Dr. Di Micco's group aims at dissecting and targeting senescence programs in normal, aged and malignant hematopoiesis. They conduct advanced research on the development of leukemia and cellular stress responses in hematopoietic stem cells in gene therapy contexts. Her work includes significant studies on DNA damage response; i.e. oncogene-induced senescence, epigenetic regulation of stem cell functionality and the role of DDR responses following genetic engineering approaches. Her multidisciplinary research group integrates basic biology with translational and applied research to advance the understanding of mechanisms regulating blood-related diseases linked to aging and to develop innovative therapies.

Dr. Dominik Schmiedel’s team is using state-of-the-art genetic engineering techniques to enable natural killer (NK) cells to efficiently fight cancer cells. NK cells are part of the innate immune system, and NK cell-based advanced therapy medicinal products (ATMPs) can be produced from healthy donor cells, creating an "off-the-shelf" product that can be delivered to many patients. Current therapeutic approaches using NK cells, while very safe for patients, are often not effective enough to permanently reduce tumor burden.
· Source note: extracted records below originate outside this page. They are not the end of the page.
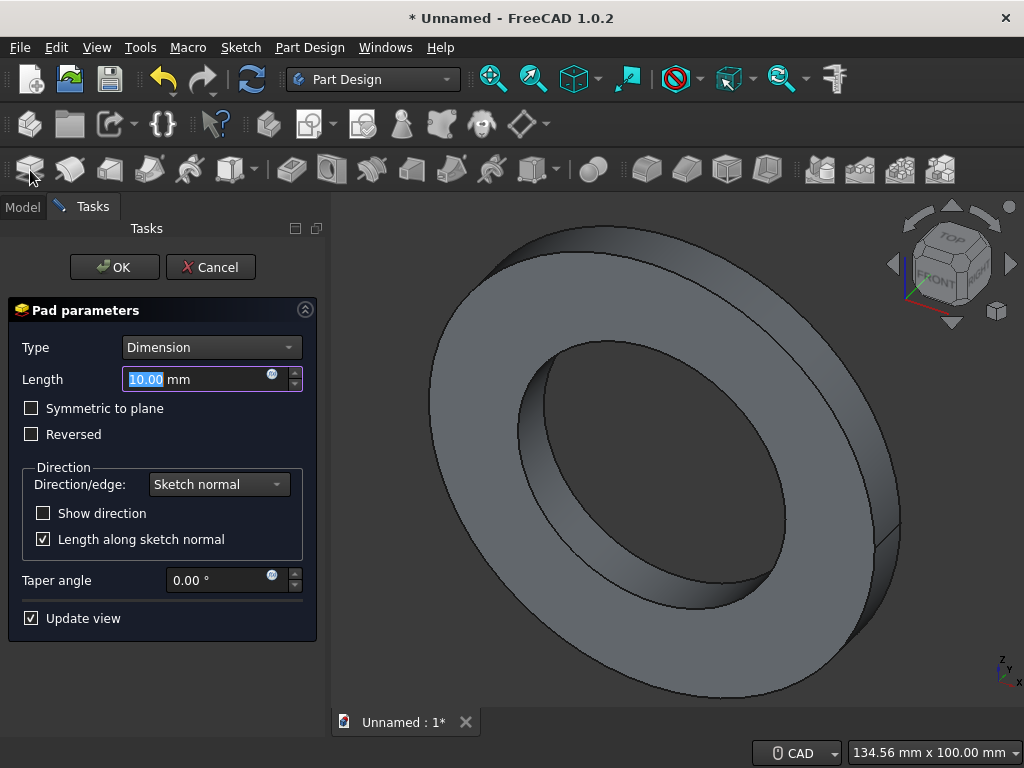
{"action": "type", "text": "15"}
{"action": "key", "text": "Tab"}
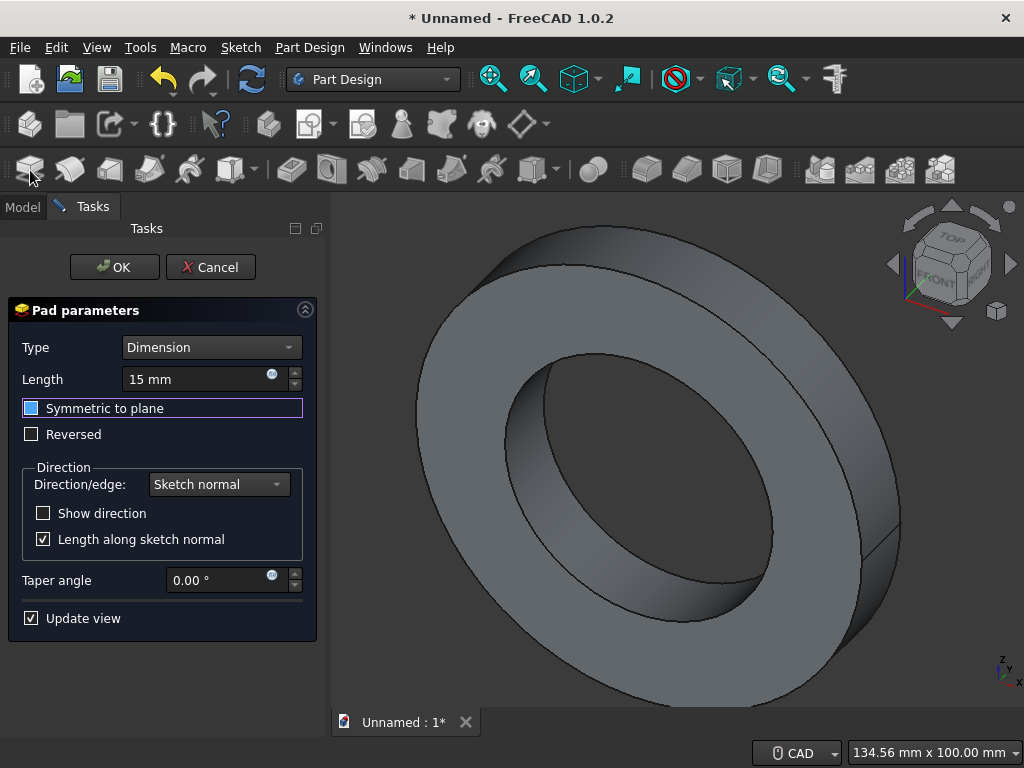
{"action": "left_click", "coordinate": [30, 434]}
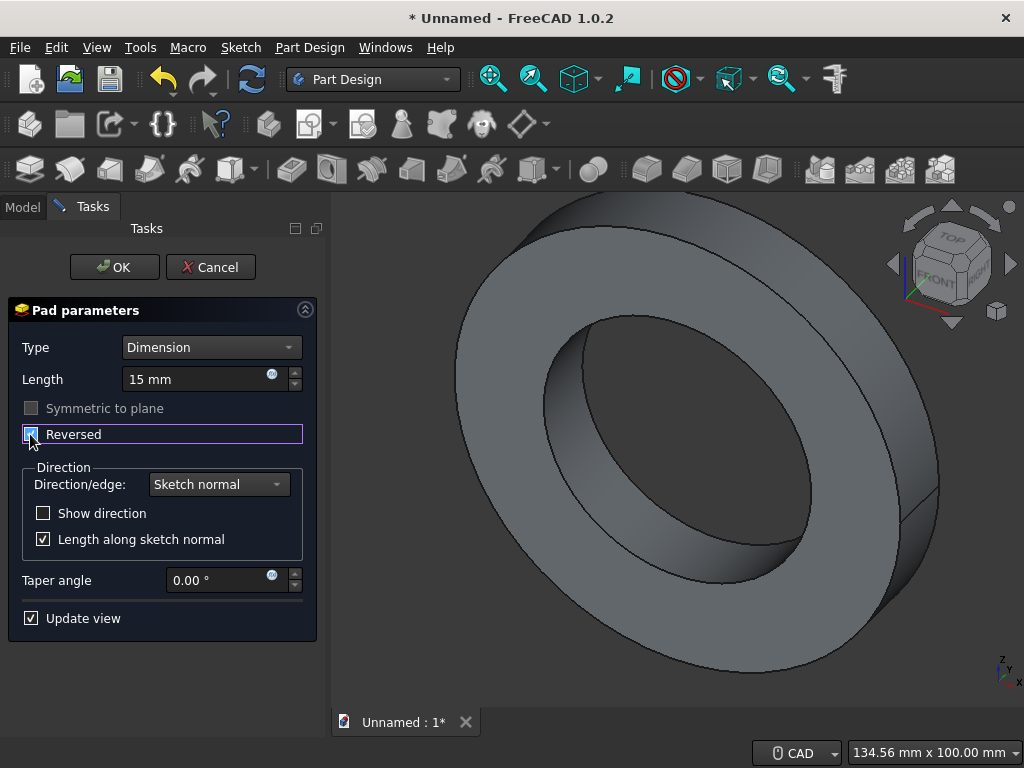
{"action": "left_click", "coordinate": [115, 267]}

Dominik Schmiedel’s team focus on various approaches to increase the cytotoxicity of NK cells against tumor cells.

Dr. Federico Simonetta’s research group studies immunological mechanisms underlying the efficacy and the toxicities of adoptive cell therapies including allogeneic hematopoietic stem cell transplantation (HSCT) and chimeric antigen receptor (CAR) T cells.

Allogeneic hematopoietic cell transplantation (HSCT) is a well-established therapy for a broad range of hematologic malignancies but is still associated with significant morbidity and mortality related to graft versus host disease (GvHD). In Dr. Simonetta’s lab, they analyse preclinical models of cancer and GvHD as well as clinical samples from their patient cohort to understand immunological processes leading to cancer relapse and GvHD after allogeneic HSCT. His group aim to identify biomarkers to predict post-transplant complications and to develop strategies to identify them before they occur. Moreover, they investigate therapeutic approaches to prevent GvHD using immunoregulatory cells, including regulatory T cells (Treg).